FYI.

This story is over 5 years old.

Tech

Beware of Cheap Data

Social scientists often miss the inherent biases in social media data-streams.
​Image: archives.gov

​Beware of easy data. The massive, cheap datasets assured by social media pipelines like Twitter are likely offering dangerous distortions of the real world.

This is the conclusion anyway of a pair of computer scientists, Juergen Pfeffer and Derek Ruths, based at McGill University and Carnegie Mellon University, as ​described in the current issue of Science. With thousands of papers based on social media data now being published each year—compared to handfuls just five years ago—the situation might even be viewed as quite dire. Imagine astronomers, newly armed with telescopes, trying to chart the movements and development of galaxies without understanding the influence of black holes, a hidden gravitational influence—or hidden bias.

Advertisement

Bias is the key term as we attempt to extract meaningful observations from the non-stop social media avalanche of conversations, pronouncements, locations, images, categories, and on and on. In the face of these sheer volumes, it's easy to delude oneself into thinking that those volumes are capable of delivering the random (or otherwise specified) sample needed to conduct good research.

Ruths and Juergen liken our present state of social media-based inquiry to the early days of telephone polling. Infamously, the Chicago Tribune trusted its new sampling methods—circa 1948—enough to publish the post-presidential election headline "Dewey Defeats Truman," only to learn shortly thereafter that Truman had actually won in a landslide and that its polling methods had oversampled Dewey supporters enormously.

"Not everything that can be labeled as 'Big Data' is automatically great," Juergen notes in a statement. "People want to say something about what's happening in the world and social media is a quick way to tap into that. You get the behavior of millions of people—for free."
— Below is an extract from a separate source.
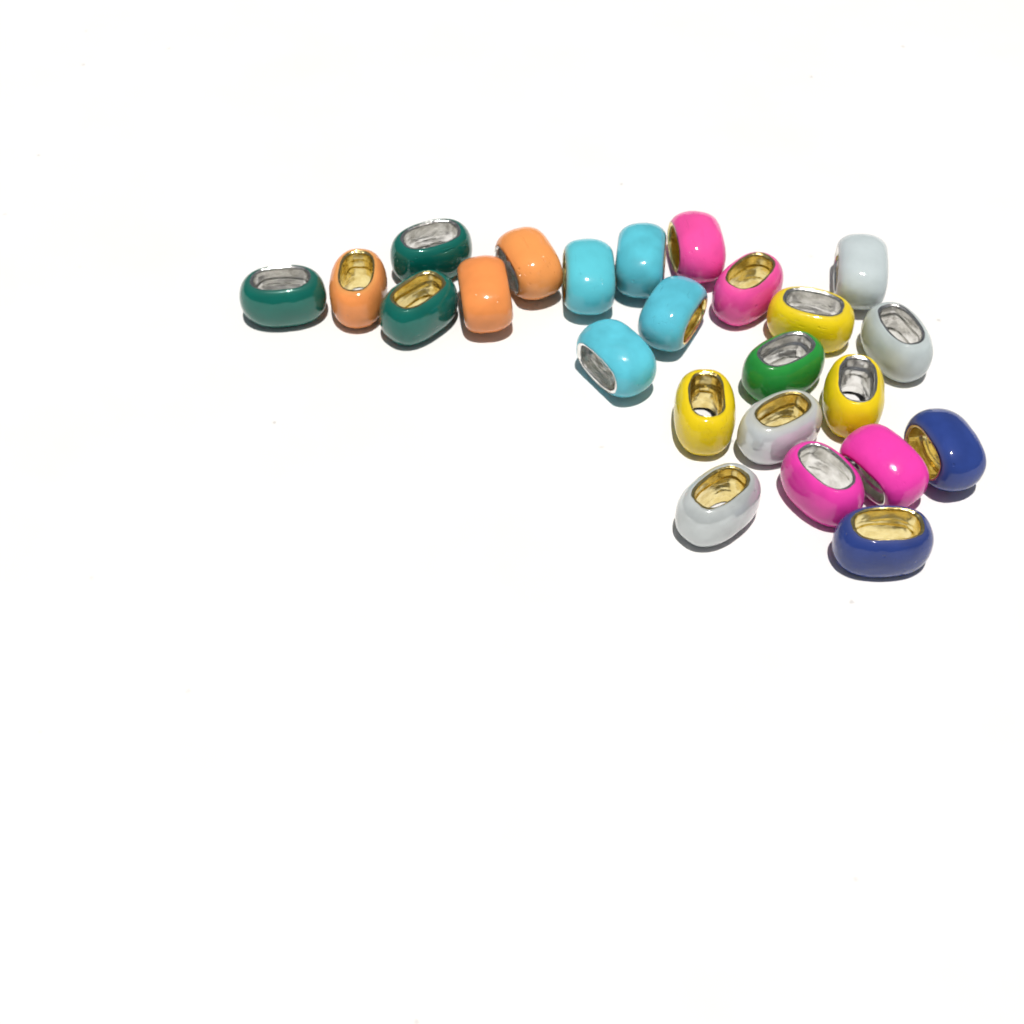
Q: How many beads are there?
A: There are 24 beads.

Developers of online social platforms are building tools to serve a specific, practical purpose—not necessarily to provide good data.

As Pfeffer and Ruths explain, social science researchers often underestimate the degree to which different social media platforms are favored by certain segments of the population. Instagram, for example, is slanted toward 20-something African-Americans, Latinos, women, and urban dwellers, while Pinterest is big with women in households with incomes greater than $100,000.

Advertisement

Making the situation worse is that social media feeds are usually the result of some proprietary filtering process. What goes in is not necessarily what comes out, and researchers often don't have a way of knowing what exactly happens in between.
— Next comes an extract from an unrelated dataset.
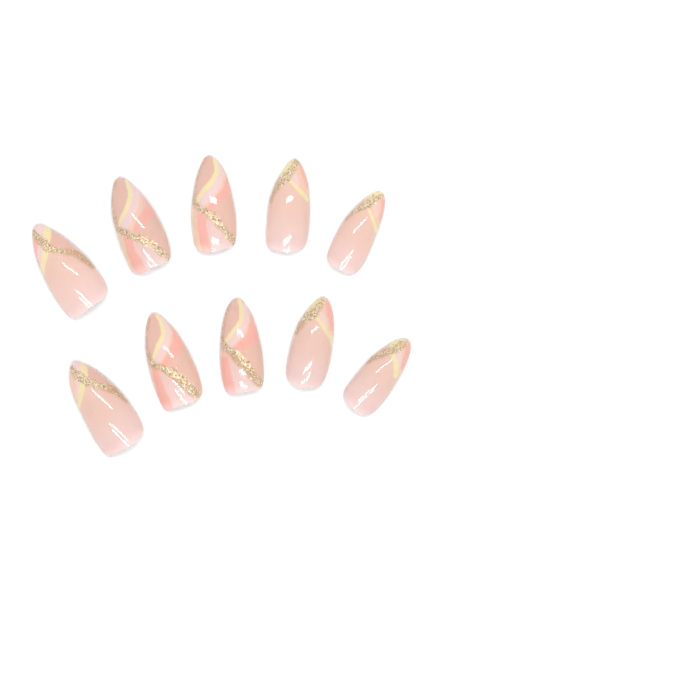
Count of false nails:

"Developers of online social platforms are building tools to serve a specific, practical purpose—not necessarily to represent social behavior or provide good data for research," Pfeffer and Ruths write. "So the way data are stored and served can destroy aspects of the human behavior of interest."

Google, for example, only stores final searches submitted by users, after auto-completing, rather than the text originally typed in by the user. Twitter meanwhile takes apart retweet chains by connecting every RT back to the original source rather than the post that triggered the RT in the first place. Is that "natural"?
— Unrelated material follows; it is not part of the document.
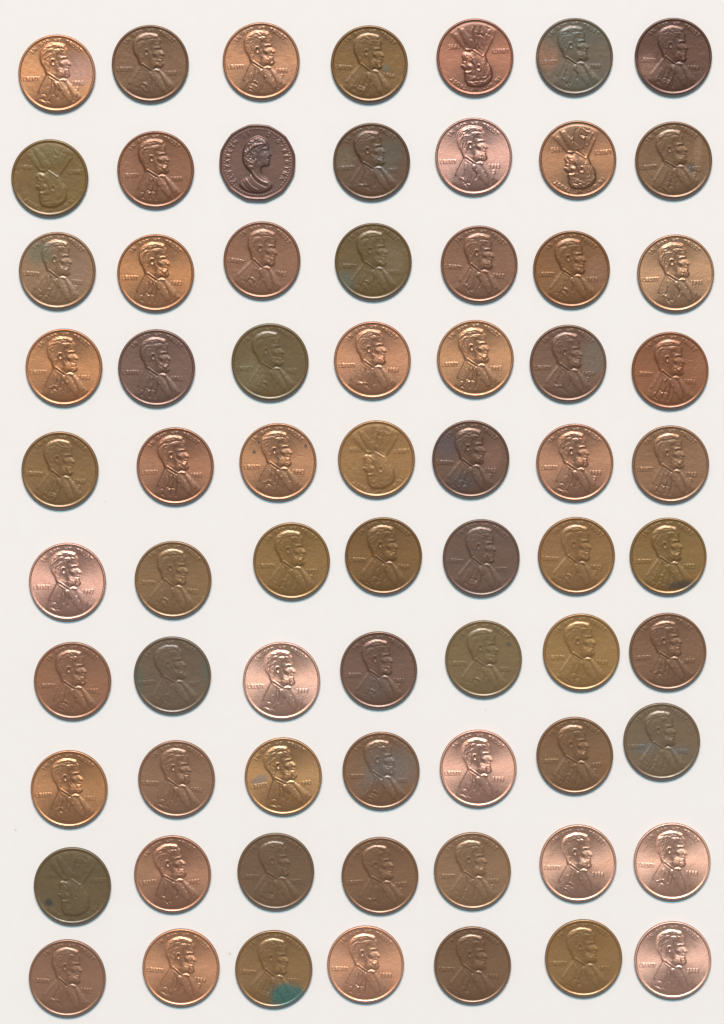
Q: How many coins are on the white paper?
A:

Rather than sampling a pure data stream, social scientists might well just be sampling some algorithm. There are "embedded researchers," as Pfeffer call scientists with special behind-the-scenes access, but this creates a new problem of a divided research community. Some can see the real feeds, others get an illusion.

The effect is that independent researchers lack the needed access to naked data, while the researchers that do have access remain at the mercy of the social media platform, which obviously will have its own interests in mind as much as basic social research.

Yet another fundamental problem is that the names and handles behind social media data streams mostly remain unverified. There are PR shills, fake accounts, bots, dummy accounts-for-hire, are other things that might be considered background noise except for the difficulty in seperating that noise from the desired signal. Researchers may examine larger and larger data sets in the hope that this noise becomes minimized, but it's not quite that easy.

Other researchers might not even bother, of course. A Twitter feed looks so easy, looks so random.

The answer is mostly in social scientists acting more like actual scientists, or at least teaming up with scientists with the ability to apply statistical and/or machine learning techniques to noisy data. And yet, if the allure of social media data-sets in the very first place is its cheapness and availability, we might expect a more likely outcome to be a whole lot less social media-based research. That would probably be a good thing.